On March 15, 2023, Feiler was released by the Chargers.

===Tampa Bay Buccaneers===
On April 17, 2023, Feiler was signed by the Tampa Bay Buccaneers. He was named the starting left guard to begin the season. He started six games before missing four due to injury, but ultimately lost his starting job to Aaron Stinnie upon his return.

===Retirement===
After not being signed to a team during the 2024 and 2025 offseason, Feiler presumably retired from playing professional football and is currently an assistant coach for his high school alma mater, Lampeter-Strasburg High School.

==Personal life==
Feiler was born in Strasburg, Pennsylvania to Mark and Beth Feiler.

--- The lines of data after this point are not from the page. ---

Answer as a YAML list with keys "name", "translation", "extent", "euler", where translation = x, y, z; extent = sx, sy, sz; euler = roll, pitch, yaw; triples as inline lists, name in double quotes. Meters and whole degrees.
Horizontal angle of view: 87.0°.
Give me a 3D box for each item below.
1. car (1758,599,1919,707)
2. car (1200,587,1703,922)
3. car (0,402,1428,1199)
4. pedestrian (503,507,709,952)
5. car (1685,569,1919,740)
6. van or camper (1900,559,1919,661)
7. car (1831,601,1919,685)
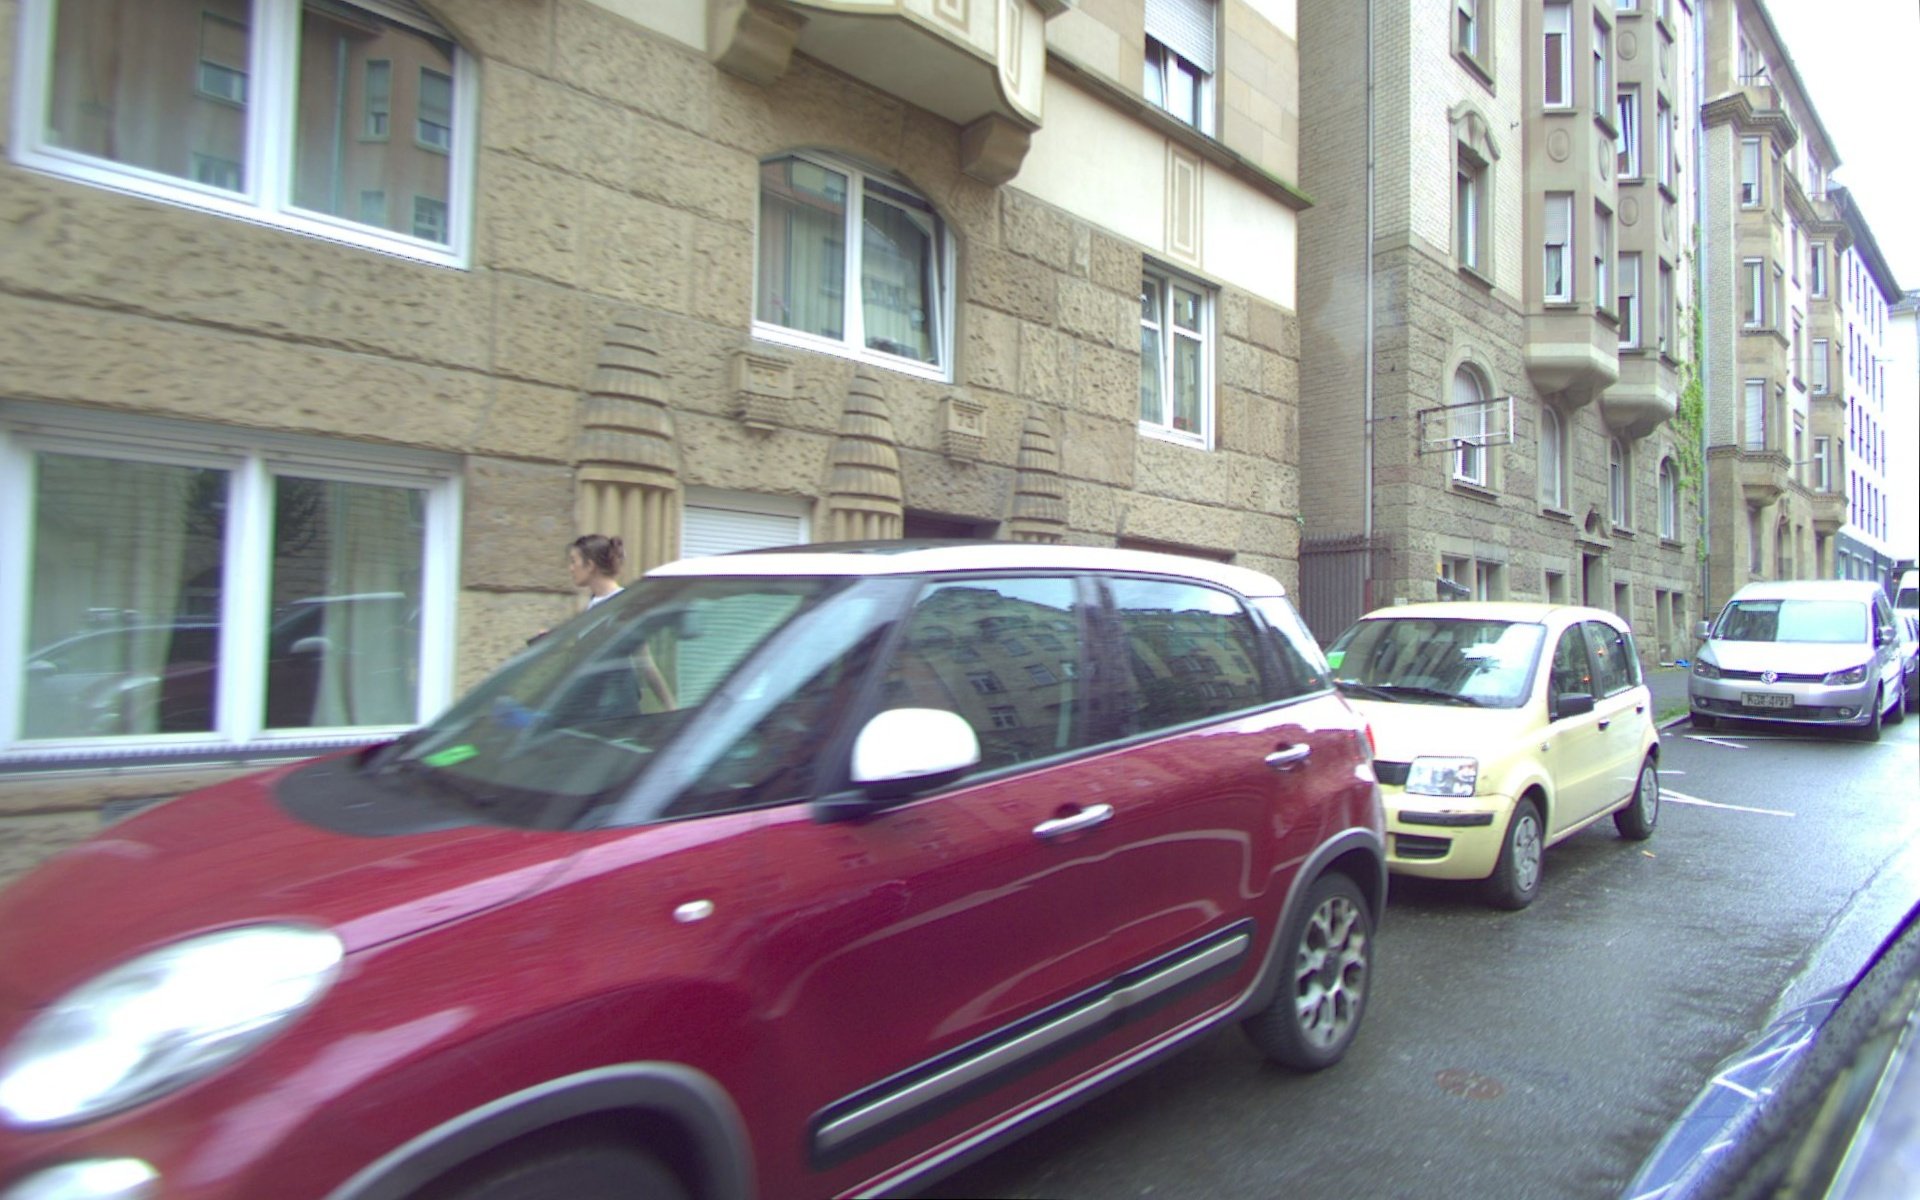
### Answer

He attended Lampeter-Strasburg High School and played defensive tackle and offensive lineman throughout high school. He graduated in 2014 with a degree in history from Bloomsburg University.

Feiler married Julie Carpenter of Bloomsburg, PA on March 17, 2018.

In his leisure time, Feiler enjoys watching baseball. In college, he followed coverage of the Winter and Summer Olympic Games. He prefers water over Gatorade. Feiler has also stated his favorite cereal is Lucky Charms.